§ **Work required**: For each line in the records that contains "life", make a copy.

§ **Information**:
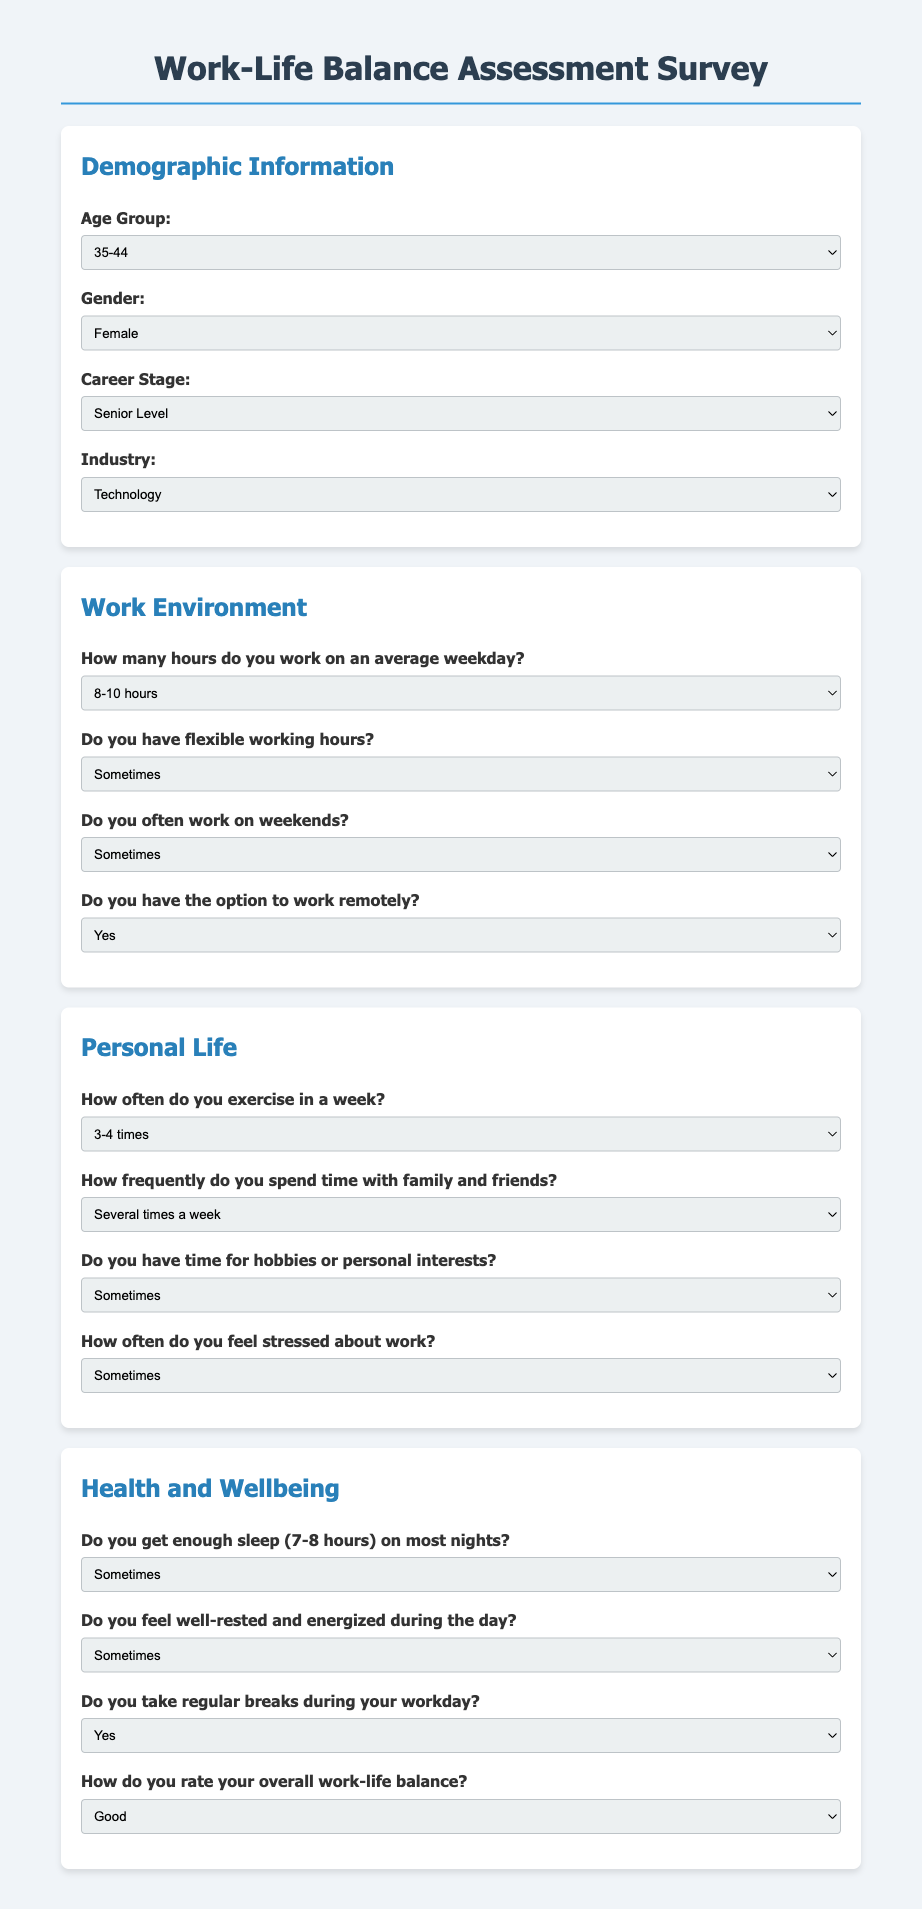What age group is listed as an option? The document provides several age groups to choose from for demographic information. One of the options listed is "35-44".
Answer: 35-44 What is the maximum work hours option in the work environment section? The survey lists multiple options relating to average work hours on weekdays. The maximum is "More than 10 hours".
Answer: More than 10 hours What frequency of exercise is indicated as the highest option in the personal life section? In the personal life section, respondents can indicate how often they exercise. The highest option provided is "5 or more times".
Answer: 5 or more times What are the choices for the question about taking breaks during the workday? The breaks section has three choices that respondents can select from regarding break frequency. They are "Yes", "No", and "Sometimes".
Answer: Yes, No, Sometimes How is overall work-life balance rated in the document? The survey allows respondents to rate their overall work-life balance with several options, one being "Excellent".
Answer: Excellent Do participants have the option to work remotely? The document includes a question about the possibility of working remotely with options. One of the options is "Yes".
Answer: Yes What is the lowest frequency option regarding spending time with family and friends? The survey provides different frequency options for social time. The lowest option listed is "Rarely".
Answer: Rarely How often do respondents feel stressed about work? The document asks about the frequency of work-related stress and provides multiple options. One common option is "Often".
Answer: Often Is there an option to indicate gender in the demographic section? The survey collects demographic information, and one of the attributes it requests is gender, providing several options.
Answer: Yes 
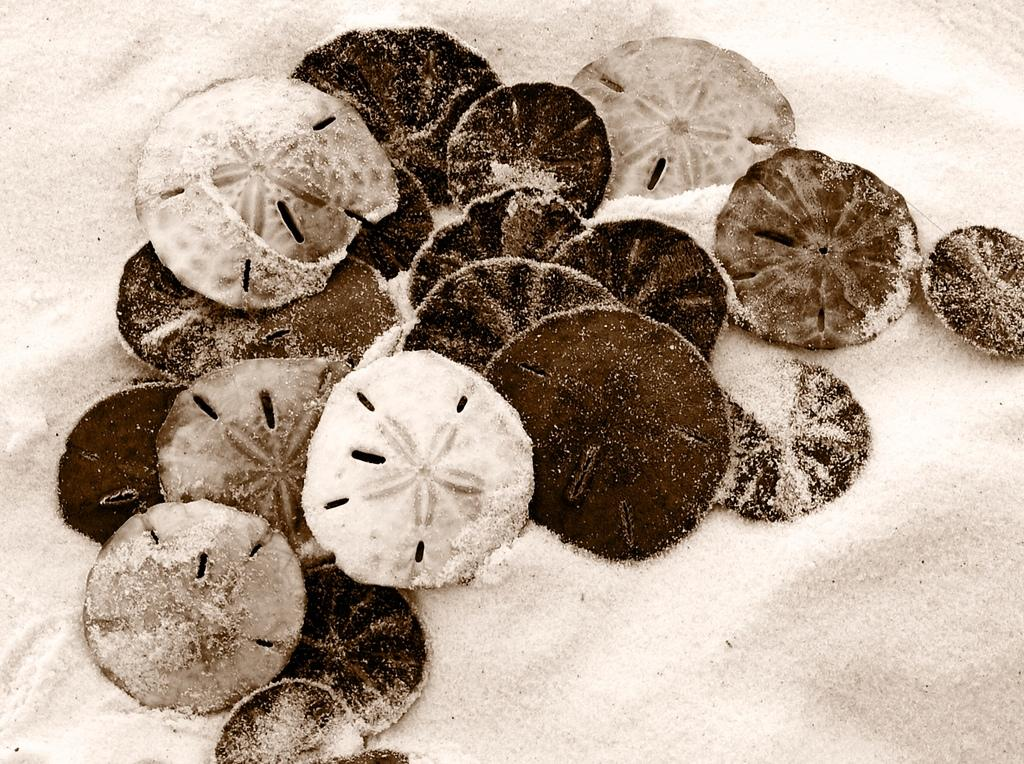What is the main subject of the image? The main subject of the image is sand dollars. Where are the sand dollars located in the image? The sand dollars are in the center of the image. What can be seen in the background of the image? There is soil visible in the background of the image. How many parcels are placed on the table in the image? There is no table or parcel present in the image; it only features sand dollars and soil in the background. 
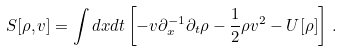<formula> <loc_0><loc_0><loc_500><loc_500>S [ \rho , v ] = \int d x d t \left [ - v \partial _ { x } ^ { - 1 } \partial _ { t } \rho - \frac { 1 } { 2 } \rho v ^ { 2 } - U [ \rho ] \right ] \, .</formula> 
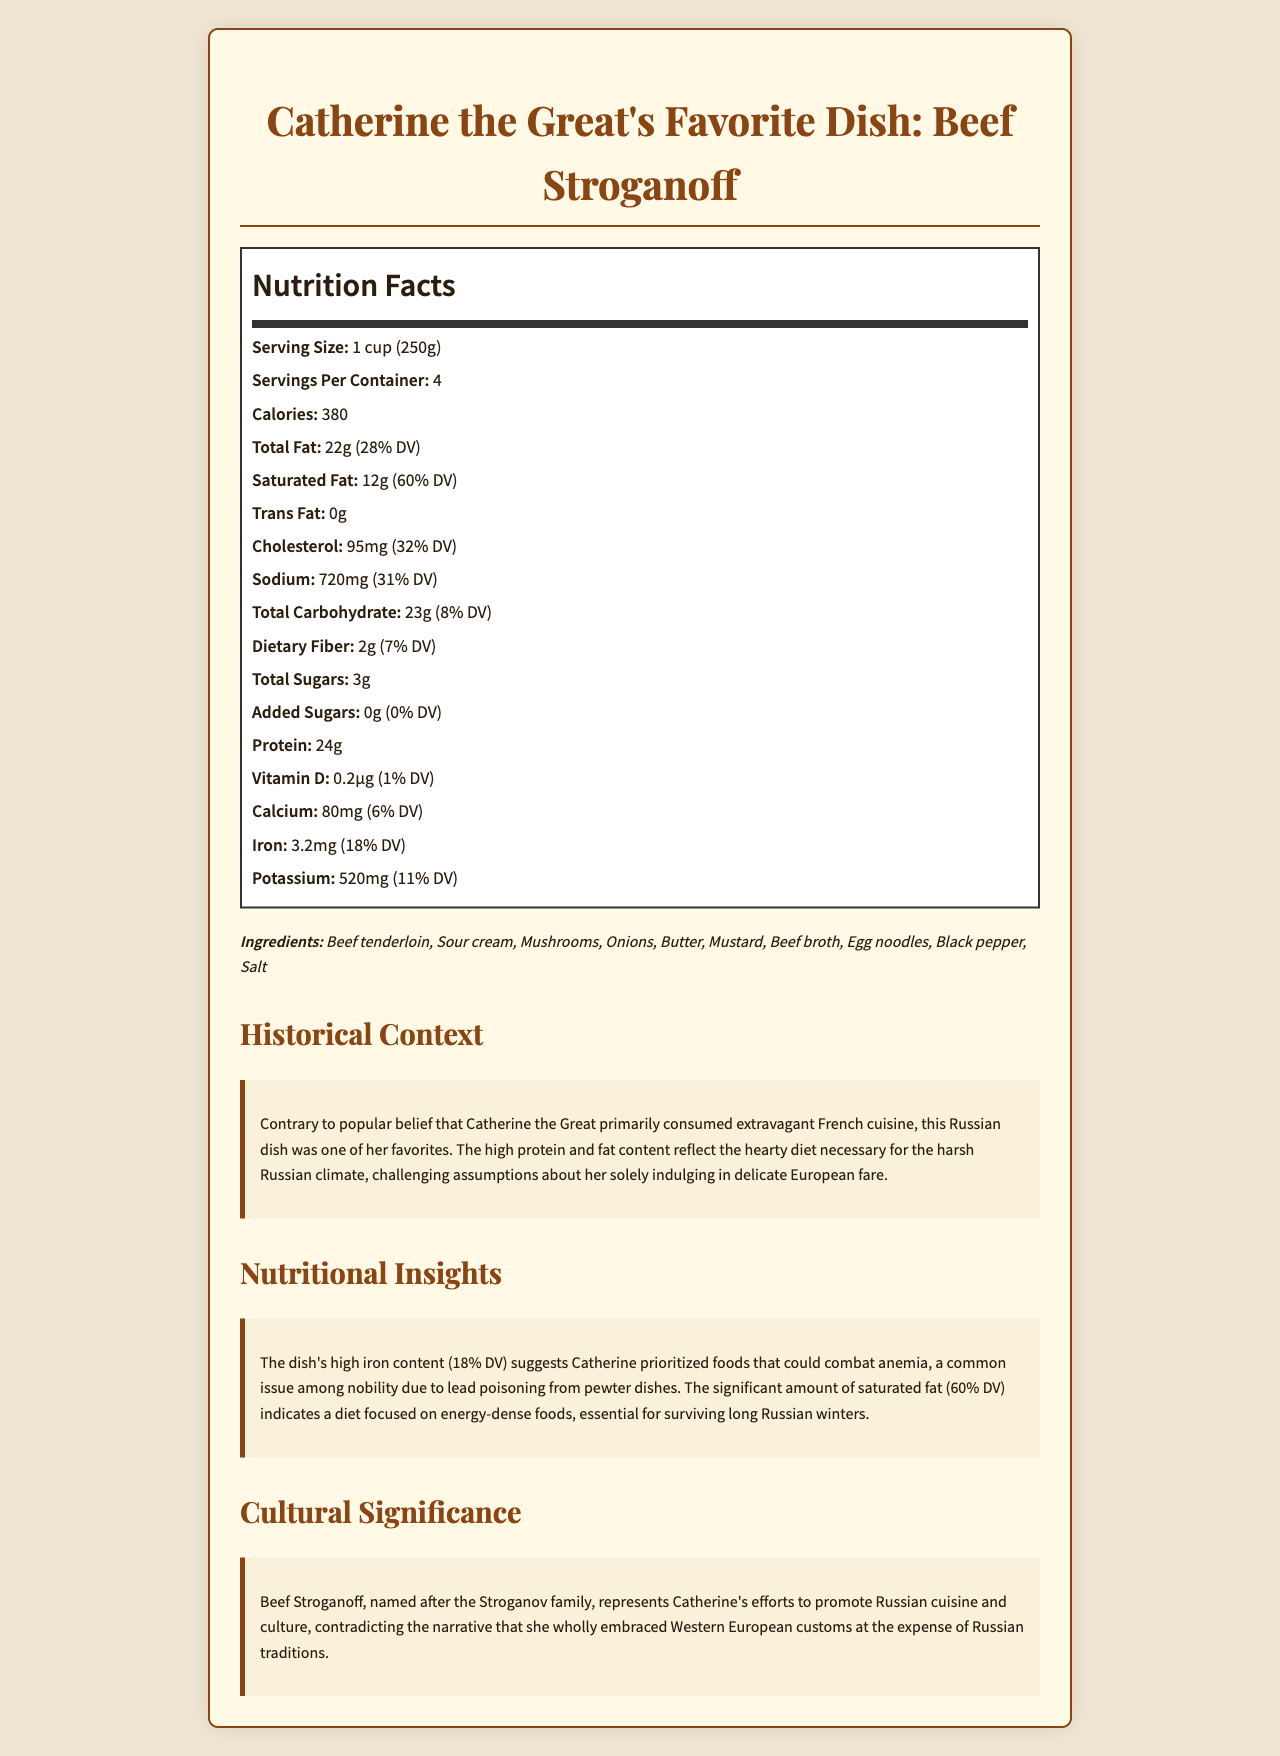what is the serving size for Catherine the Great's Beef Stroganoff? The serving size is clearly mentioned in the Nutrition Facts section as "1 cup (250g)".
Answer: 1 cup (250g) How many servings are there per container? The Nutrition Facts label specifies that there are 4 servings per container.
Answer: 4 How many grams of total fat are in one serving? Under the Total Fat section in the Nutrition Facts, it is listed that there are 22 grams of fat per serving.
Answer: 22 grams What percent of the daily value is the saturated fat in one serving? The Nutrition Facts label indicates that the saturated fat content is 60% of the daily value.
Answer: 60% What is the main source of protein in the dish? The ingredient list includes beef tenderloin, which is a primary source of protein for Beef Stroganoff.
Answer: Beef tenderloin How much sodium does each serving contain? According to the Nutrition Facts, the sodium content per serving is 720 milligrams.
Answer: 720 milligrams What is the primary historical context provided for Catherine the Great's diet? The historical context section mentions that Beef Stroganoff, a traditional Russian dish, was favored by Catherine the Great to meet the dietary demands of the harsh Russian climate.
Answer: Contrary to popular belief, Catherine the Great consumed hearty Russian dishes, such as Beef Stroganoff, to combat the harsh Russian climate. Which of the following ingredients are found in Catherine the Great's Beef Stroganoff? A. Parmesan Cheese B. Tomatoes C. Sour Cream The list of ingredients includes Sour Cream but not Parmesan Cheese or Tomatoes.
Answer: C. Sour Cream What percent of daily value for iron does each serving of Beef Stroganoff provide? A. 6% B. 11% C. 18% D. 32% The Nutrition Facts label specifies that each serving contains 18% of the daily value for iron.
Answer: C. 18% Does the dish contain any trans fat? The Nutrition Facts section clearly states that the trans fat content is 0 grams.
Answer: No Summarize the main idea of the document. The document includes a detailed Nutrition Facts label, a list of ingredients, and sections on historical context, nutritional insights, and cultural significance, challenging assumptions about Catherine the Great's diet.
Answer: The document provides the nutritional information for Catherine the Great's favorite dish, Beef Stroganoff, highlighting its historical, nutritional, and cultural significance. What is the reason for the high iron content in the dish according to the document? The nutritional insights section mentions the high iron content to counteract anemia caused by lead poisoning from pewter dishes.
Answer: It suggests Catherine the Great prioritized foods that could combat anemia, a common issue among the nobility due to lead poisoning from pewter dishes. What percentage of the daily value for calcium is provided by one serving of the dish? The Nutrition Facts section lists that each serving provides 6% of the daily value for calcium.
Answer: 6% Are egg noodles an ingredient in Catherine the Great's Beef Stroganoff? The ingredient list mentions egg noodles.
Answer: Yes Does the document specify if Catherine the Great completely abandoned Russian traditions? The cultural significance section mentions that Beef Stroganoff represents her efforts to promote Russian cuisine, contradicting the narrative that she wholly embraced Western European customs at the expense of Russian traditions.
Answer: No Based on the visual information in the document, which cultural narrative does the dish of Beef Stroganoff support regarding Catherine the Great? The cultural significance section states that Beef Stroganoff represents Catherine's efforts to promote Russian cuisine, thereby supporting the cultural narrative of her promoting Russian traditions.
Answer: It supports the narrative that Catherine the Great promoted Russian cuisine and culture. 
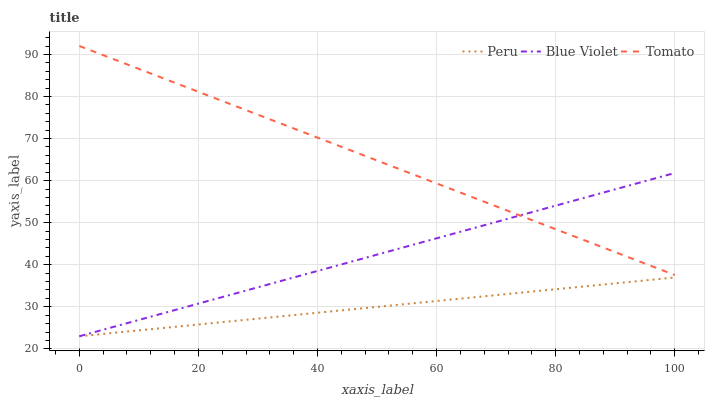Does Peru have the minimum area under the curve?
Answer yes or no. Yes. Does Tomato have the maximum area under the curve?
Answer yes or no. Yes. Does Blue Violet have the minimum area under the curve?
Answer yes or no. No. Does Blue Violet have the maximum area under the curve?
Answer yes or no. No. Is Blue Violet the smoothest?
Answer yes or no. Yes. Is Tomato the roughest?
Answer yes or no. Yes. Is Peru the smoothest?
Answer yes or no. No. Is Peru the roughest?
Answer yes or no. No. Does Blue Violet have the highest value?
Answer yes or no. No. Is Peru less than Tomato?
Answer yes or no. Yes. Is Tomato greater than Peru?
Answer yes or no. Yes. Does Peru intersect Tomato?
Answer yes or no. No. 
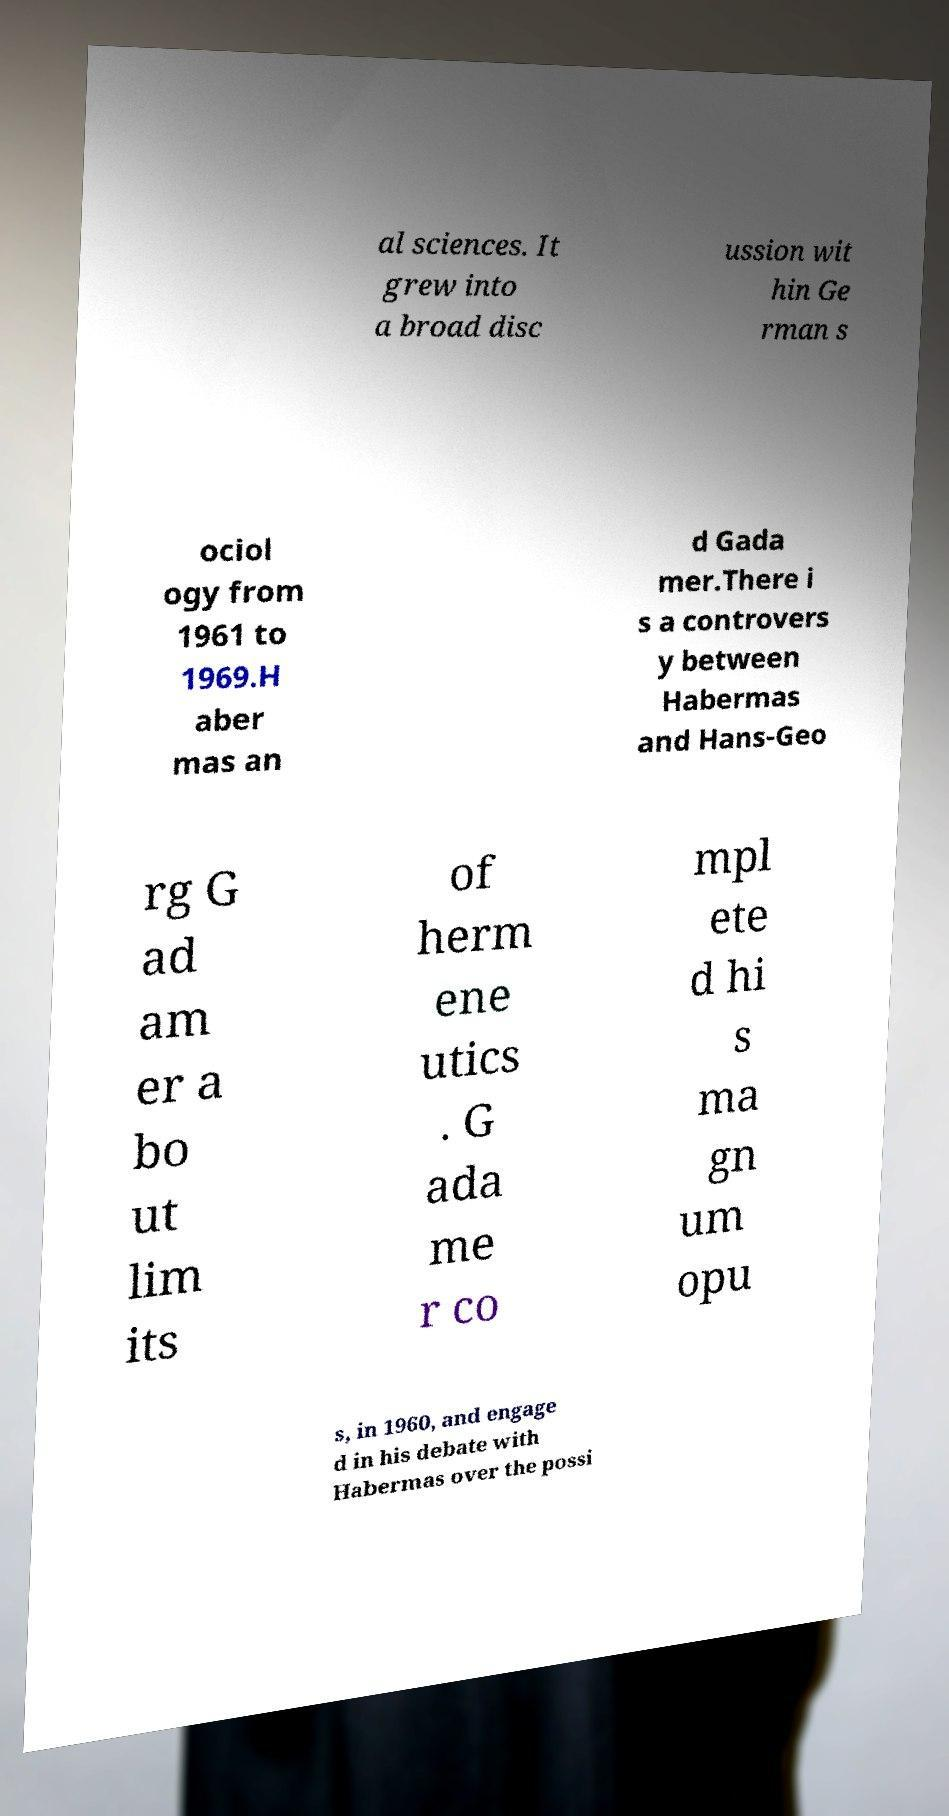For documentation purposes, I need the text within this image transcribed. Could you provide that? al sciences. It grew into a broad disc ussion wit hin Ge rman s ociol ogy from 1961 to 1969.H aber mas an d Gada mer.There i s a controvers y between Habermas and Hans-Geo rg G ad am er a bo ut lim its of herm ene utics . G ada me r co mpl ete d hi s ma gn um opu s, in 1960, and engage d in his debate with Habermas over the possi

§ **Result below**:
Answer: More than 10 hours What frequency of exercise is indicated as the highest option in the personal life section? In the personal life section, respondents can indicate how often they exercise. The highest option provided is "5 or more times".
Answer: Yes, No, Sometimes How is overall work-life balance rated in the document? The survey allows respondents to rate their overall work-life balance with several options, one being "Excellent".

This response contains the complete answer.